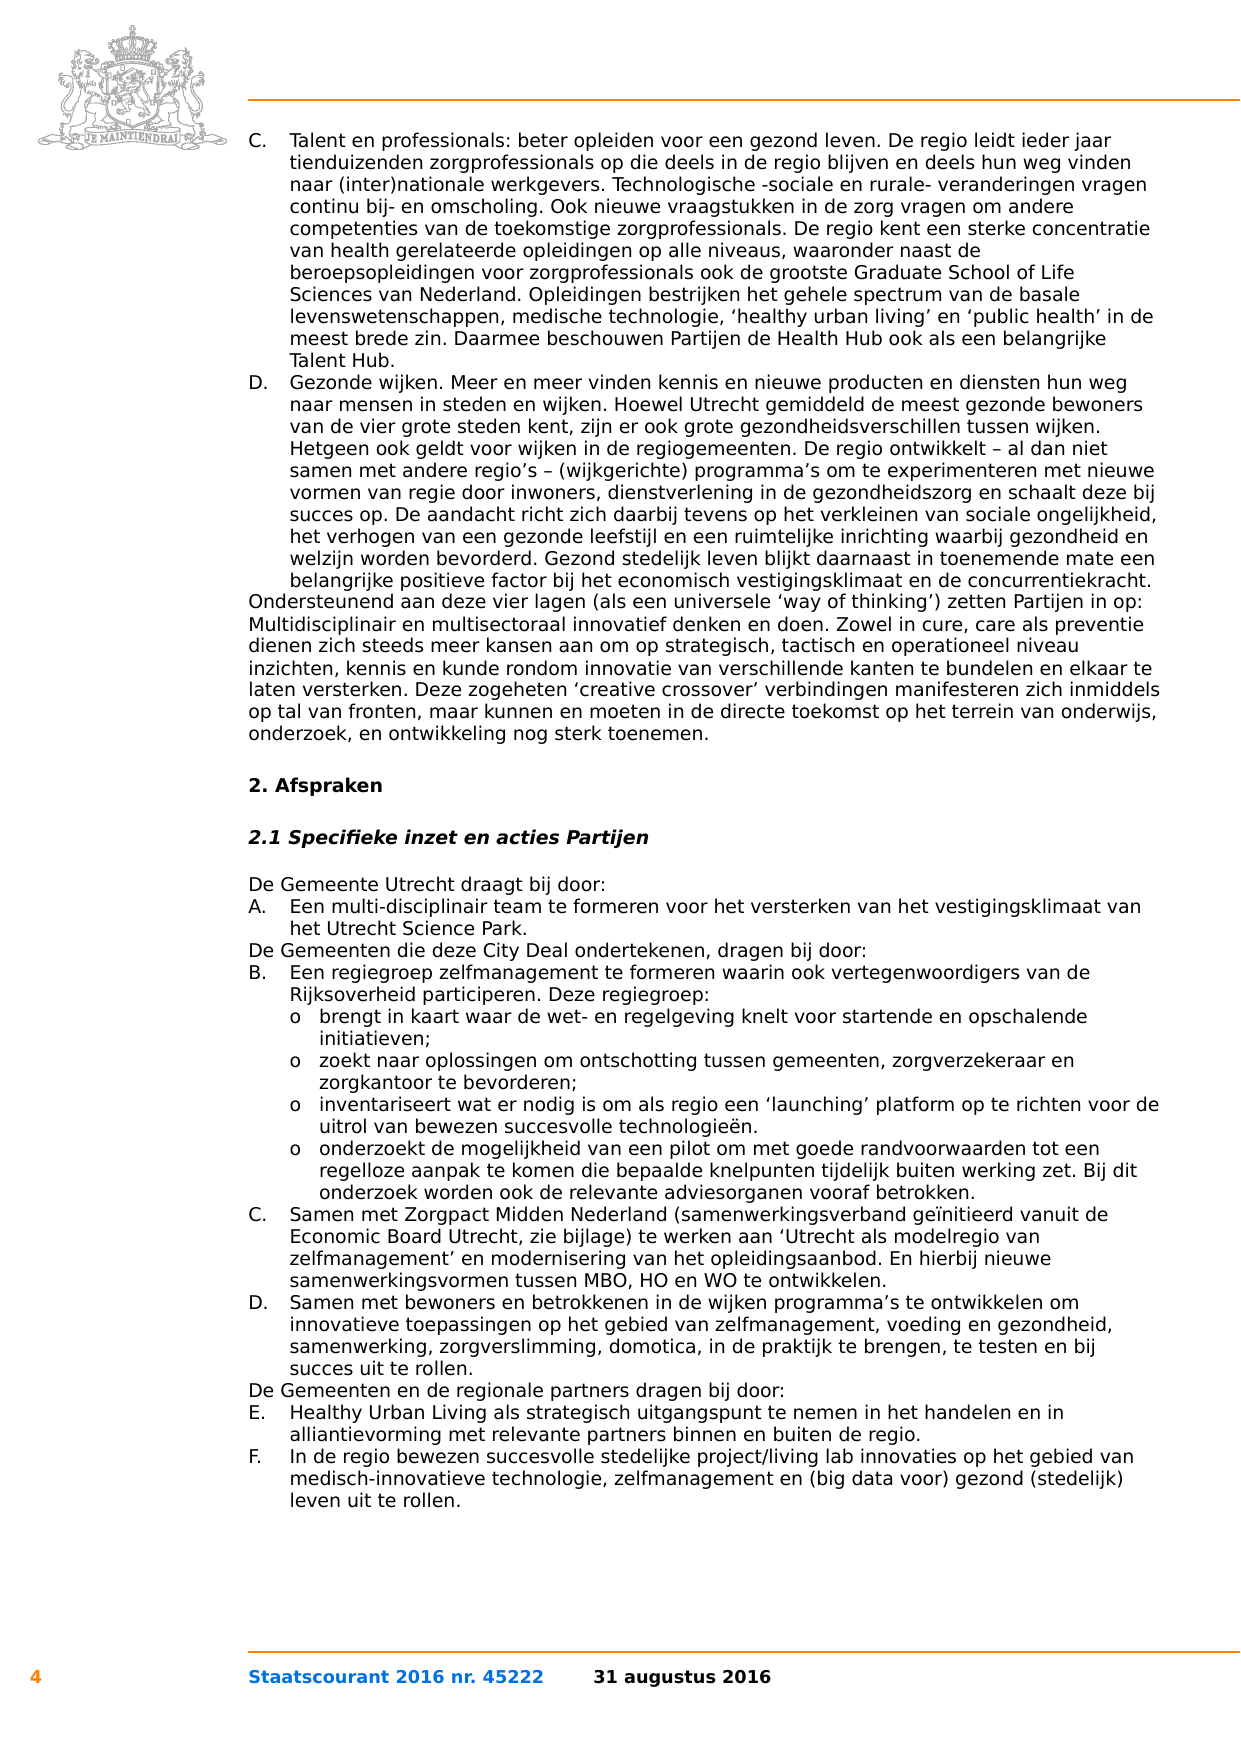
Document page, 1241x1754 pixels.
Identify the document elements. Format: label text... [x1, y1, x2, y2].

text De Gemeente Utrecht draagt bij door: [248, 874, 1163, 896]
text De Gemeenten en de regionale partners dragen bij door: [248, 1380, 1163, 1402]
text o inventariseert wat er nodig is om als regio een ‘launching’ platform op te richten voor de uitrol van bewezen succesvolle technologieën. [289, 1094, 1163, 1138]
text A. Een multi-disciplinair team te formeren voor het versterken van het vestigingsklimaat van het Utrecht Science Park. [248, 896, 1163, 940]
picture [38, 25, 227, 150]
text F. In de regio bewezen succesvolle stedelijke project/living lab innovaties op het gebied van medisch-innovatieve technologie, zelfmanagement en (big data voor) gezond (stedelijk) leven uit te rollen. [248, 1446, 1163, 1512]
text D. Samen met bewoners en betrokkenen in de wijken programma’s te ontwikkelen om innovatieve toepassingen op het gebied van zelfmanagement, voeding en gezondheid, samenwerking, zorgverslimming, domotica, in de praktijk te brengen, te testen en bij succes uit te rollen. [248, 1292, 1163, 1380]
text o zoekt naar oplossingen om ontschotting tussen gemeenten, zorgverzekeraar en zorgkantoor te bevorderen; [289, 1050, 1163, 1094]
subtitle 2. Afspraken [248, 775, 1163, 797]
text o onderzoekt de mogelijkheid van een pilot om met goede randvoorwaarden tot een regelloze aanpak te komen die bepaalde knelpunten tijdelijk buiten werking zet. Bij dit onderzoek worden ook de relevante adviesorganen vooraf betrokken. [289, 1138, 1163, 1204]
text Multidisciplinair en multisectoraal innovatief denken en doen. Zowel in cure, care als preventie dienen zich steeds meer kansen aan om op strategisch, tactisch en operationeel niveau inzichten, kennis en kunde rondom innovatie van verschillende kanten te bundelen en elkaar te laten versterken. Deze zogeheten ‘creative crossover’ verbindingen manifesteren zich inmiddels op tal van fronten, maar kunnen en moeten in de directe toekomst op het terrein van onderwijs, onderzoek, en ontwikkeling nog sterk toenemen. [248, 613, 1163, 745]
text E. Healthy Urban Living als strategisch uitgangspunt te nemen in het handelen en in alliantievorming met relevante partners binnen en buiten de regio. [248, 1402, 1163, 1446]
subtitle 2.1 Specifieke inzet en acties Partijen [248, 827, 1163, 849]
text C. Talent en professionals: beter opleiden voor een gezond leven. De regio leidt ieder jaar tienduizenden zorgprofessionals op die deels in de regio blijven en deels hun weg vinden naar (inter)nationale werkgevers. Technologische -sociale en rurale- veranderingen vragen continu bij- en omscholing. Ook nieuwe vraagstukken in de zorg vragen om andere competenties van de toekomstige zorgprofessionals. De regio kent een sterke concentratie van health gerelateerde opleidingen op alle niveaus, waaronder naast de beroepsopleidingen voor zorgprofessionals ook de grootste Graduate School of Life Sciences van Nederland. Opleidingen bestrijken het gehele spectrum van de basale levenswetenschappen, medische technologie, ‘healthy urban living’ en ‘public health’ in de meest brede zin. Daarmee beschouwen Partijen de Health Hub ook als een belangrijke Talent Hub. [248, 130, 1163, 372]
text Ondersteunend aan deze vier lagen (als een universele ‘way of thinking’) zetten Partijen in op: [248, 591, 1163, 613]
text B. Een regiegroep zelfmanagement te formeren waarin ook vertegenwoordigers van de Rijksoverheid participeren. Deze regiegroep: [248, 962, 1163, 1006]
text D. Gezonde wijken. Meer en meer vinden kennis en nieuwe producten en diensten hun weg naar mensen in steden en wijken. Hoewel Utrecht gemiddeld de meest gezonde bewoners van de vier grote steden kent, zijn er ook grote gezondheidsverschillen tussen wijken. Hetgeen ook geldt voor wijken in de regiogemeenten. De regio ontwikkelt – al dan niet samen met andere regio’s – (wijkgerichte) programma’s om te experimenteren met nieuwe vormen van regie door inwoners, dienstverlening in de gezondheidszorg en schaalt deze bij succes op. De aandacht richt zich daarbij tevens op het verkleinen van sociale ongelijkheid, het verhogen van een gezonde leefstijl en een ruimtelijke inrichting waarbij gezondheid en welzijn worden bevorderd. Gezond stedelijk leven blijkt daarnaast in toenemende mate een belangrijke positieve factor bij het economisch vestigingsklimaat en de concurrentiekracht. [248, 372, 1163, 591]
text C. Samen met Zorgpact Midden Nederland (samenwerkingsverband geïnitieerd vanuit de Economic Board Utrecht, zie bijlage) te werken aan ‘Utrecht als modelregio van zelfmanagement’ en modernisering van het opleidingsaanbod. En hierbij nieuwe samenwerkingsvormen tussen MBO, HO en WO te ontwikkelen. [248, 1204, 1163, 1292]
text o brengt in kaart waar de wet- en regelgeving knelt voor startende en opschalende initiatieven; [289, 1006, 1163, 1050]
text De Gemeenten die deze City Deal ondertekenen, dragen bij door: [248, 940, 1163, 962]
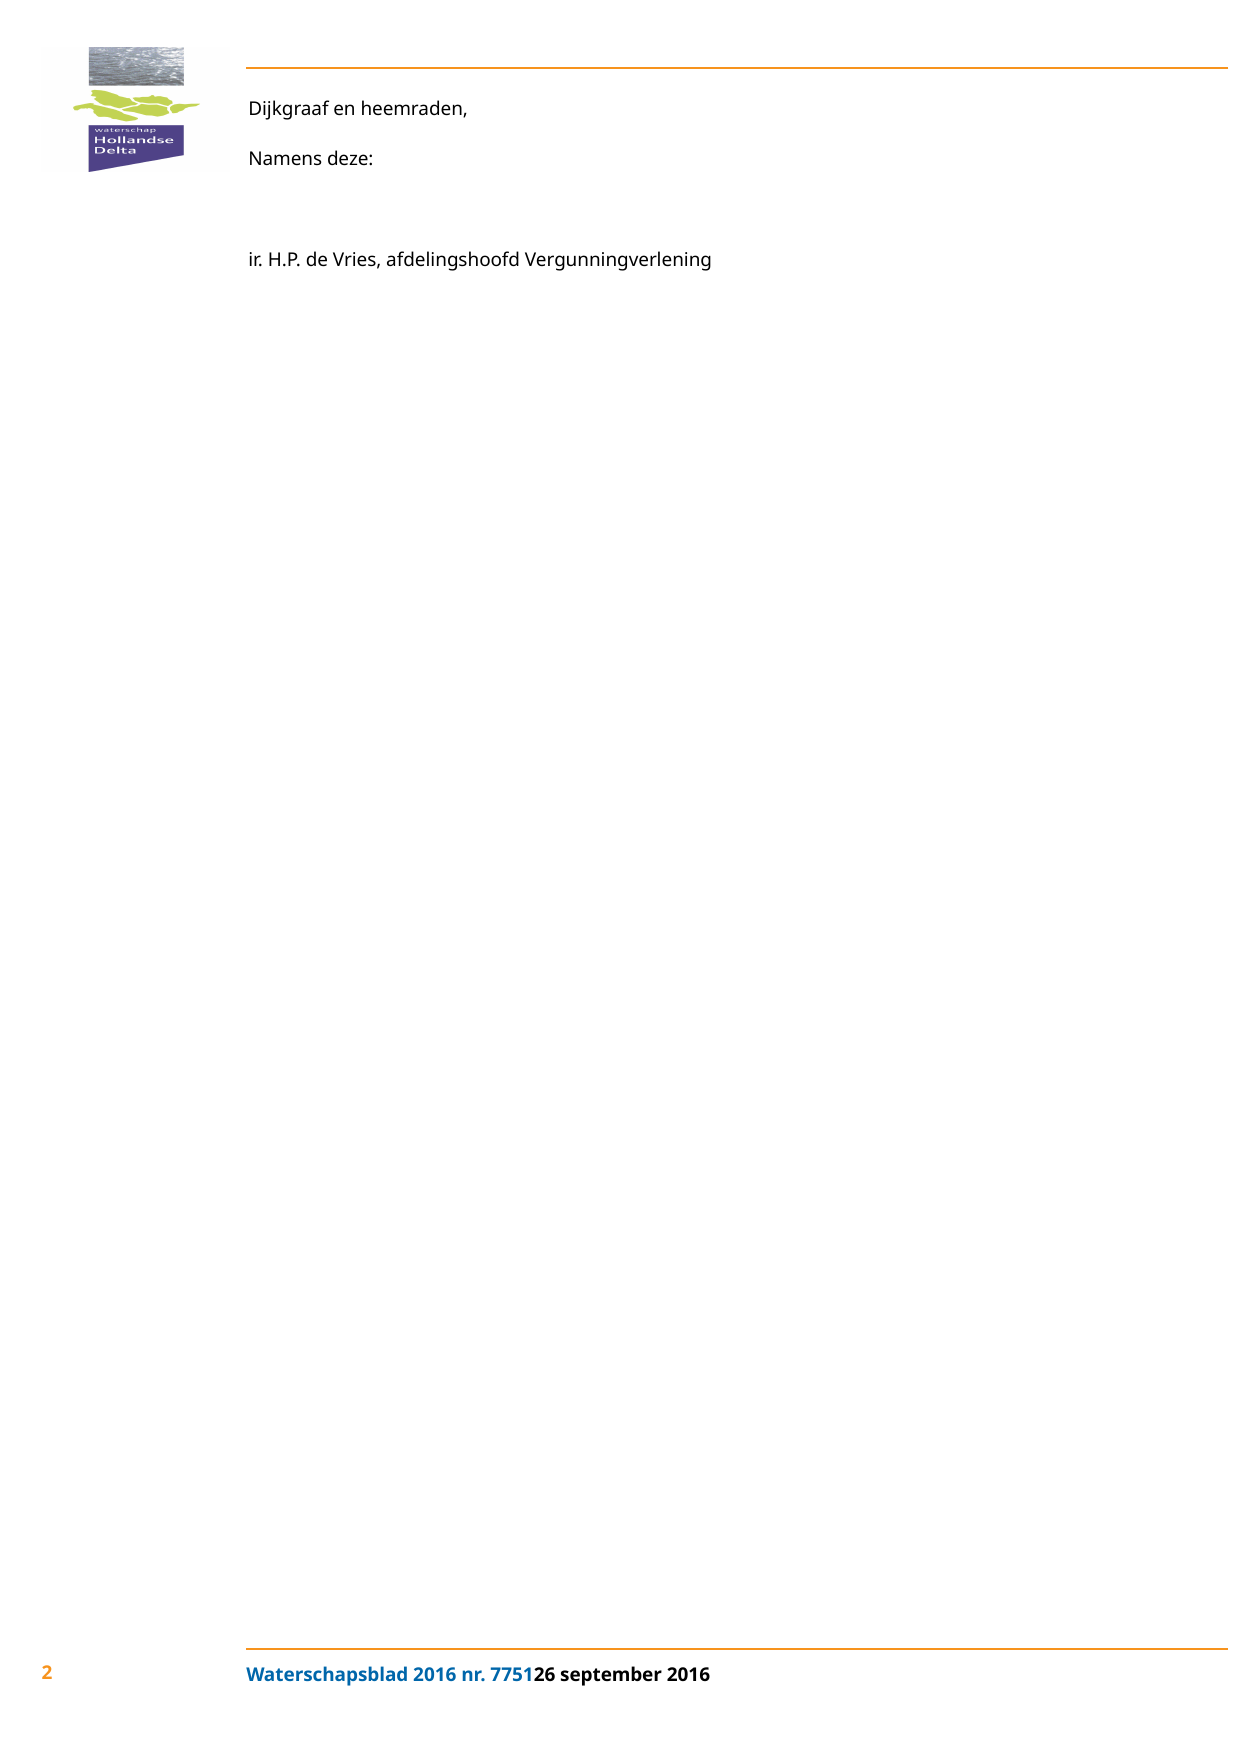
....................
* Exercise aim: Report, from the entries above, each line where "dragen" is found.

* Answer to this task:
text De Gemeenten en de regionale partners dragen bij door: [248, 1380, 1163, 1402]
text De Gemeenten die deze City Deal ondertekenen, dragen bij door: [248, 940, 1163, 962]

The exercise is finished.